当然入ったことはないが宇治山田駅には貴賓室があるという。今年6月30日、参院選挙の演説をするため近鉄で伊勢入りした安倍首相は、この貴賓室で鳥羽市内の旅館おかみらに面会した。もちろん伊勢神宮に参拝の天皇陛下もご利用になるそうだ。
伊勢市岩渕二丁目に近鉄の「宇治山田駅」がある。所在地の地名と駅名が一致していない。
宇治というのは伊勢神宮内宮の門前町であり、山田というのは外宮の門前町である。駅があるのは山田だが、「宇治山田」が駅名となっている。これは駅の開業時の市名が「宇治山田市」だったことによるという。

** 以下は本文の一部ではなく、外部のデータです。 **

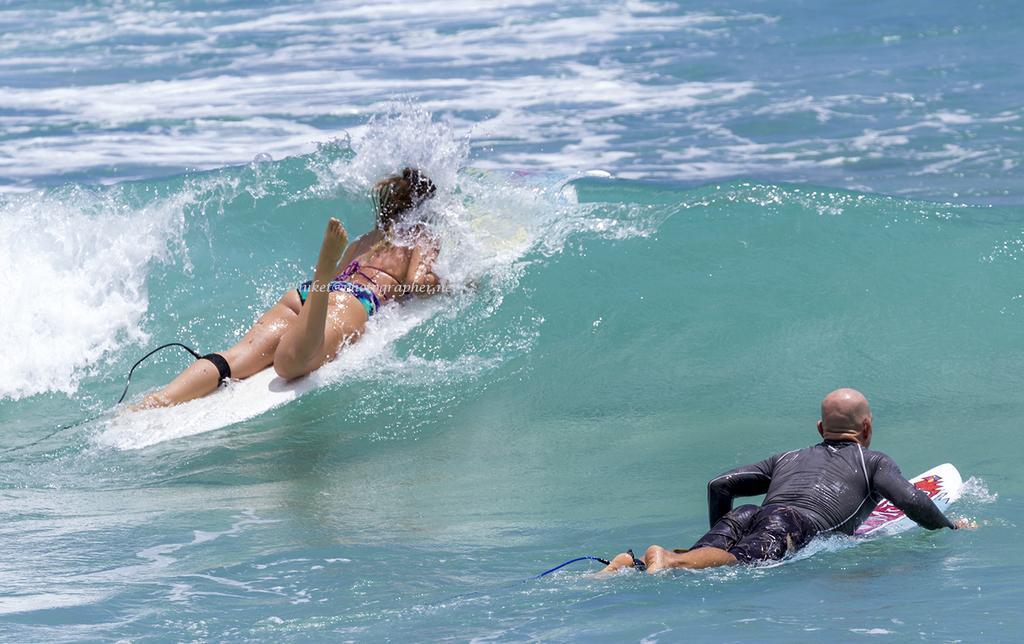Please provide a concise description of this image. In this image I can see a woman and a man on surfing board. I can see water and water wave. 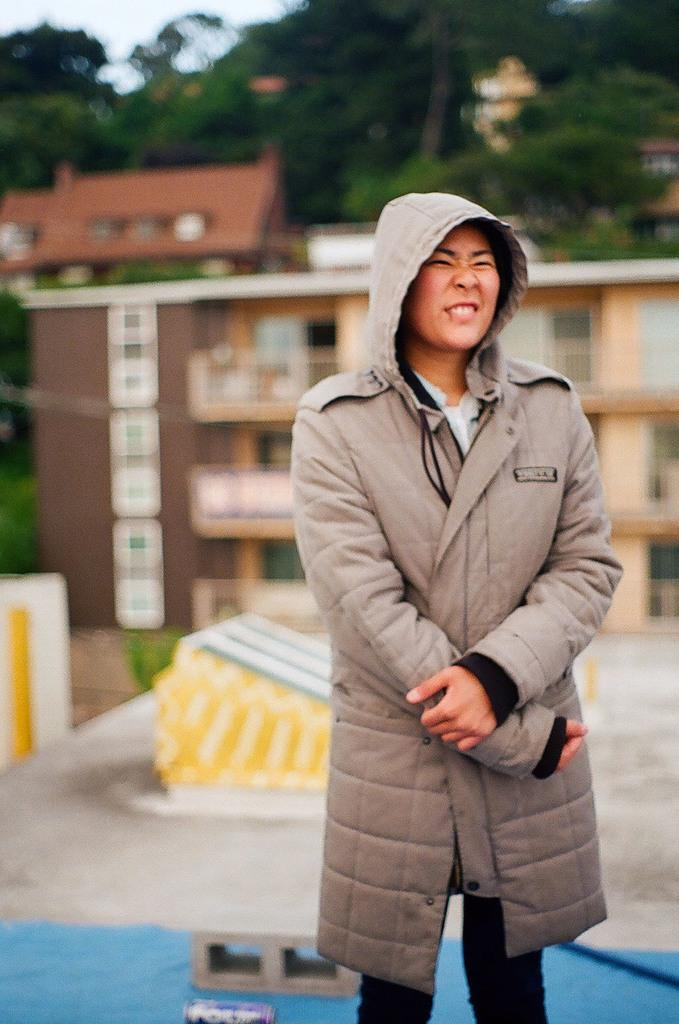What is the main subject in the foreground of the image? There is a person standing on the road in the foreground. What can be seen in the background of the image? There is a houseplant, buildings, trees, and the sky visible in the background. Can you describe the time of day when the image was taken? The image appears to be taken during the day. What type of furniture is being used by the fish in the image? There are no fish or furniture present in the image. 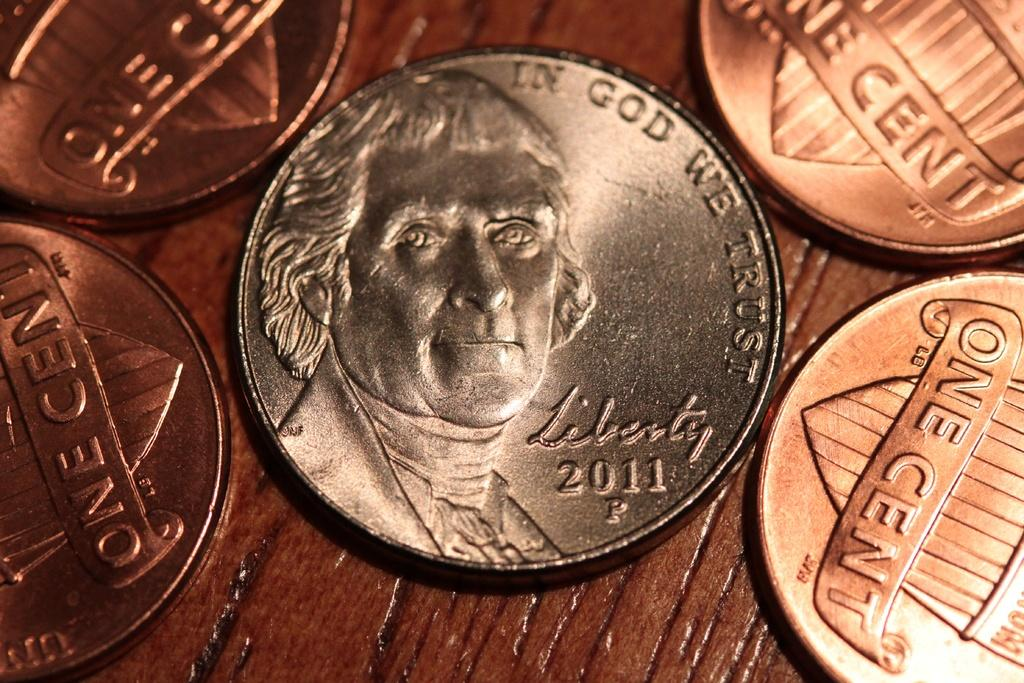<image>
Render a clear and concise summary of the photo. A 2011 shiny silver coin is sitting with some pennies. 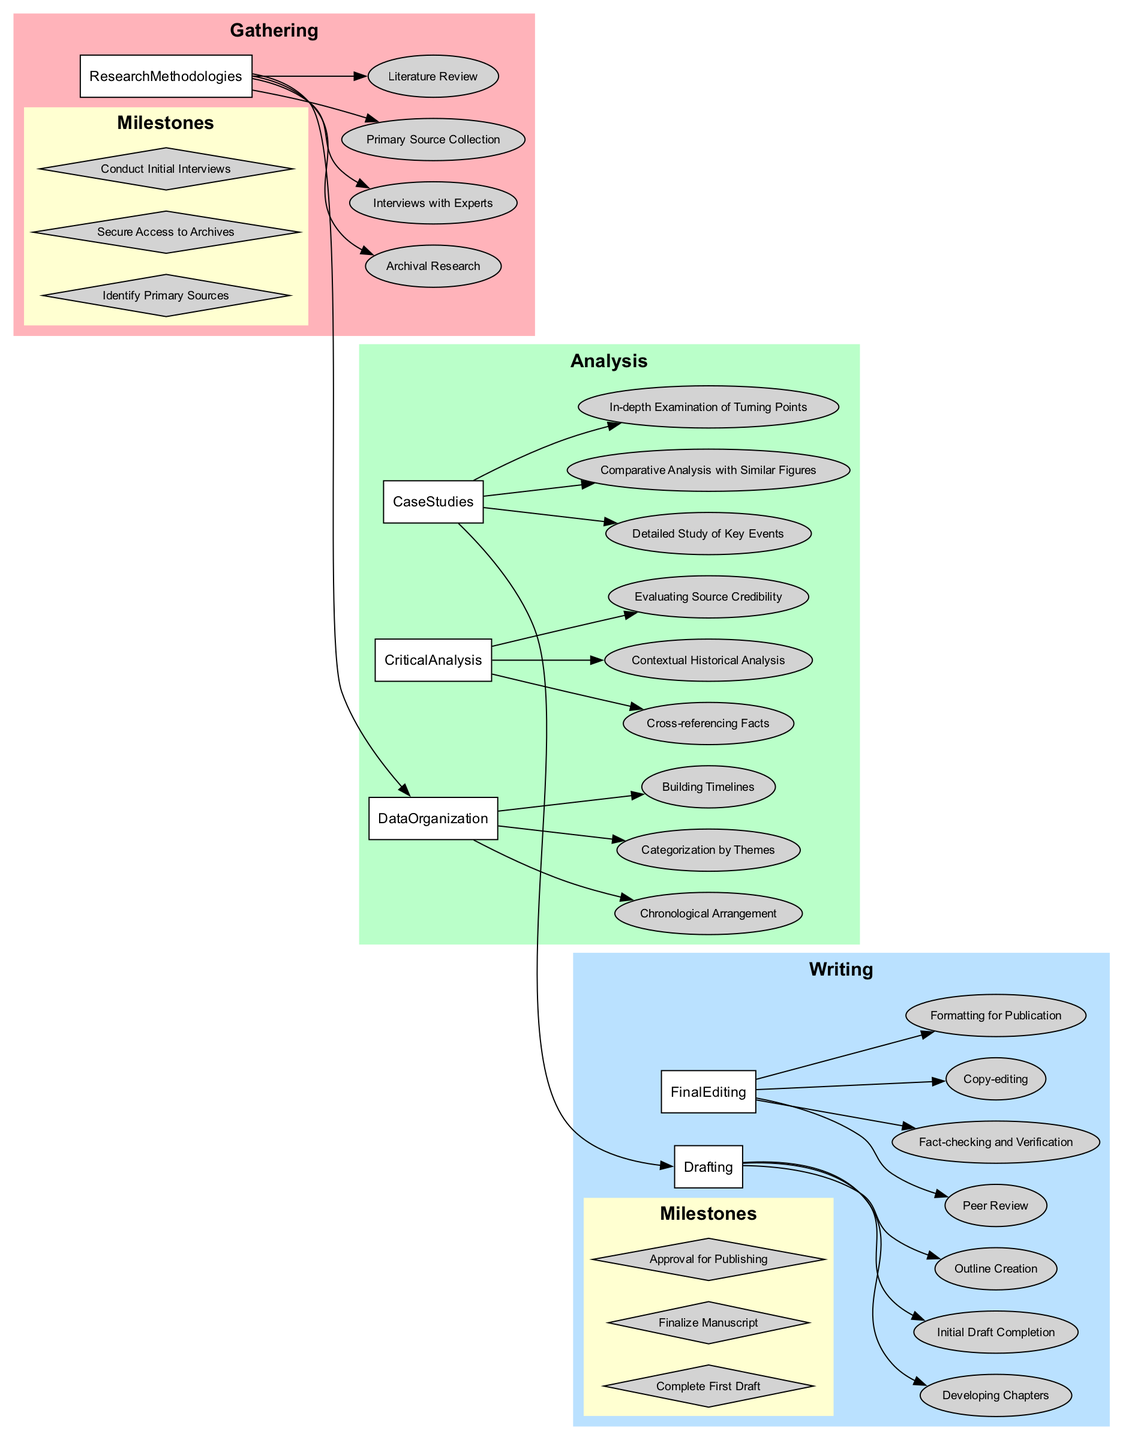What are the primary research methodologies in the Gathering phase? The Gathering phase lists four primary research methodologies: Archival Research, Interviews with Experts, Primary Source Collection, and Literature Review.
Answer: Archival Research, Interviews with Experts, Primary Source Collection, Literature Review How many data organization methods are present in the Analysis phase? The Analysis phase contains three methods for data organization: Chronological Arrangement, Categorization by Themes, and Building Timelines. Therefore, the total count is three.
Answer: 3 What is the final milestone in the Writing phase? Reviewing the Writing phase milestones, the last one listed is "Approval for Publishing." This indicates it is the final milestone.
Answer: Approval for Publishing Which two phases are directly connected by an edge? The diagram shows a direct connection or edge between "Gathering_ResearchMethodologies" and "Analysis_DataOrganization", indicating a flow from Gathering to Analysis.
Answer: Gathering and Analysis What type of analysis is included in the Analysis phase? The Analysis phase includes critical analysis types such as Cross-referencing Facts, Contextual Historical Analysis, and Evaluating Source Credibility. These are specified under Critical Analysis.
Answer: Critical Analysis How many milestones are listed in the Gathering phase? In the Gathering phase, there are three milestones: Identify Primary Sources, Secure Access to Archives, and Conduct Initial Interviews, indicating a total of three milestones listed under this phase.
Answer: 3 What follows after the Case Studies in the Analysis phase? After reviewing the flow, it is clear that the "Writing_Drafting" phase follows "Analysis_CaseStudies". This indicates the progression from analysis to the writing process after completing case studies.
Answer: Writing What is the shape of milestone nodes in the Writing phase? The milestones in the Writing phase are presented as diamond shapes in the diagram, distinguishing them from other nodes.
Answer: Diamond 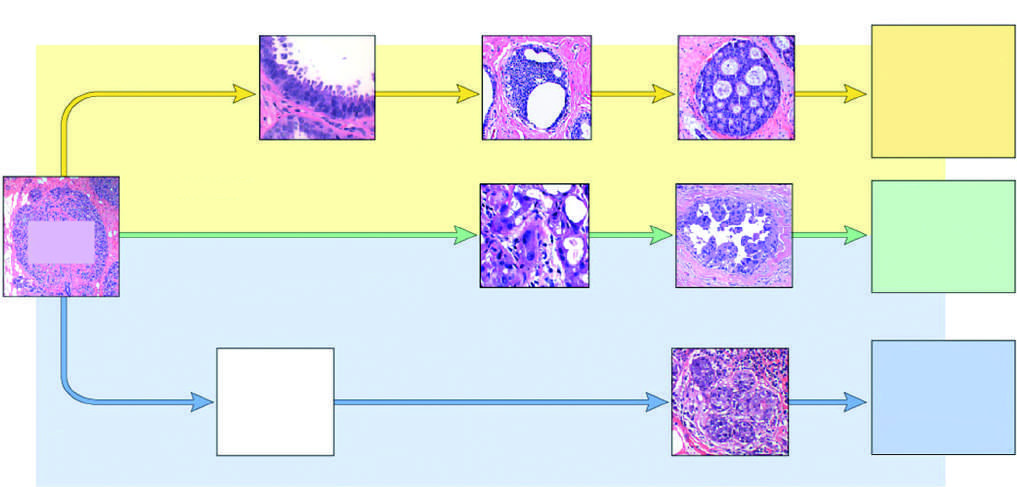what leads to er-positive cancers?
Answer the question using a single word or phrase. The most common pathway

この三階建ての建物を見ると、新幹線でも走っているのかと思える。昭和6年の開業当時から高架だったというから驚きだ。当時は参宮急行電鉄の駅だった。開業80周年(平成23年)の近鉄のニュースリリースには、次のように紹介されている。
宇治山田駅は、昭和6年3月17日の大阪上本町駅・宇治山田駅間全通にあわせ、開業しました。約120メートルの間口を持つ鉄骨鉄筋コンクリート造3階建の外観は、クリーム色のテラコッタタイルや、スペイン瓦を用いた斬新なデザインで、神都伊勢市の玄関口としての気品と風格を漂わせており、平成13年には国の登録有形文化財にも指定されました。
文化財にもなっている駅舎を設計したのは、久野節(くのみさお)という建築家である。有名なところでは、東なら東武浅草駅(昭和6年)、西なら南海難波駅(昭和7年)も久野の設計である。どちらも百貨店のあるターミナルビルで、戦前モダニズムの風景を今に伝える貴重な建物だ。
建物を印象付ける右端の塔屋は、かつて火の見櫓として利用されていた名残である。建物内に昭和11年から43年まで市の消防本部があったのだ。
貴賓室あり、火の見櫓ありの駅舎はモダニズム建築の文化財である。さすがは天照大神のお膝元、神都・伊勢市の中心駅だ。みやげには「神都麥酒」がおすすめ。モダンなデザインかつ美味し。